Dysmey Post Archive > Pages for 2003 > Mid-August 2003 Edition

Labor Day 2003 Edition

weather

The Labor Day weekend was wet, wet, wet. It was sunny and cool on Saturday morning, so I went out and mowed the lawn. I also did some weeding of the worst of the weeds. In the process, I really sprained my lower back. It hurt like blue bloody blasts, but I managed to finish the lawn. Three days later it still hurts.

labor day

This is supposed to be the holiday for workers, but over the years it had become the unofficial end of summer. There's no backyard grilling this year, though, as it rained all day yesterday. I had fried chicken Padre bought with some of his experimental spicy hash-brown potatoes.
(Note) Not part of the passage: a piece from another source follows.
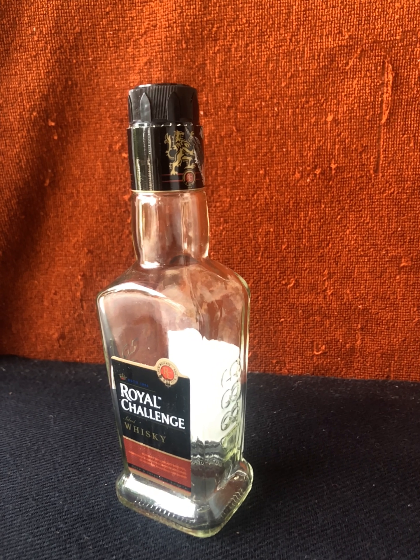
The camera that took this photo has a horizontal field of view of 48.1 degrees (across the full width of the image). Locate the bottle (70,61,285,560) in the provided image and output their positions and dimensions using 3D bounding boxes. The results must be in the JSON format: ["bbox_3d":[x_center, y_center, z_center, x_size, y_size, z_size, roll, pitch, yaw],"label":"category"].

These days the worker focus has returned to Labor Day because there are a lot of workers out there either unemployed or underemployed. Ha, it's sounds just like Mexico! Many of the lost jobs are in manufacturing and information services, outsource to India, China and who knows where else. Companies are even outsourcing accounting jobs! That is the height of folly, because most executives got their start in accounting (at least most of those in my company did). Sooner or later, if this keeps up, they will run out of people to take their places.

Ars Technica posted a news article on the coming labor shortage, quoting a business site as saying: "Executives at Cigna [insurance], Intel [electronics], SAS [software], Sprint [telecom], Whirlpool [appliances], WPP [marketing], and Adecco (the world's largest placement firm)…worry that the supply of labor is about to fall seriously short of demand." This is due to the coming retirement of the baby-boomers: those folks who turned out to be infertile due to their futile search for the perfect career/relationship ratio and thus haven't produced enough kids to replace them.

The Ars crowd, mostly hackers of the hardware variety, were not sympathetic at all: many of them were victims of the layoff and outsourcing policies of companies like these. All of them regard the executives' fears as crocodile tears.

And then those incompetent management morons wonder why they can't motivate their workers. Well, you might as well start them early with a visit to Despair, Inc., which sells parodies of the Successories line of motivational posters. The cheery sayings of their products made me feel better back when my department was flushing itself down the tubes four years ago.

You know, these very same executives cried out about a labor shortage of skilled workers during the late 1990's as an excuse to raise the threshold for importing H1-B workers. Nobody believed them then; nobody believes them now; and, even if such a shortage of skilled workers comes to pass and the outsource nations decide to restrict the export of their skilled and educated labor as too important to waste on America, nobody will ever believe them.

ball state visit

A couple of Thursdays ago I found the time to go to Ball State's Bracken Library. It was the start of the academic year at Ball State. Knowing that it would therefore take forever to find a parking space, I parked at the edge of campus and walked to the library.

I went to the library to visit the mother of a good friend of mine. That friend and I were stackers when we were students at Ball State during the 1980's. I keep in touch through her mother from time to time.

My friend worked hard for the good part of a decade to earn a master's degree in engineering and raise a son at the same time. Now she is an engineer for Chrysler, earning more than my bosses. She's also married and now has a newborn baby boy. A baby with irregular sleeping habits who insists on being awake when she needs to sleep. It's nerve-racking, but she's handling it OK, I'm told.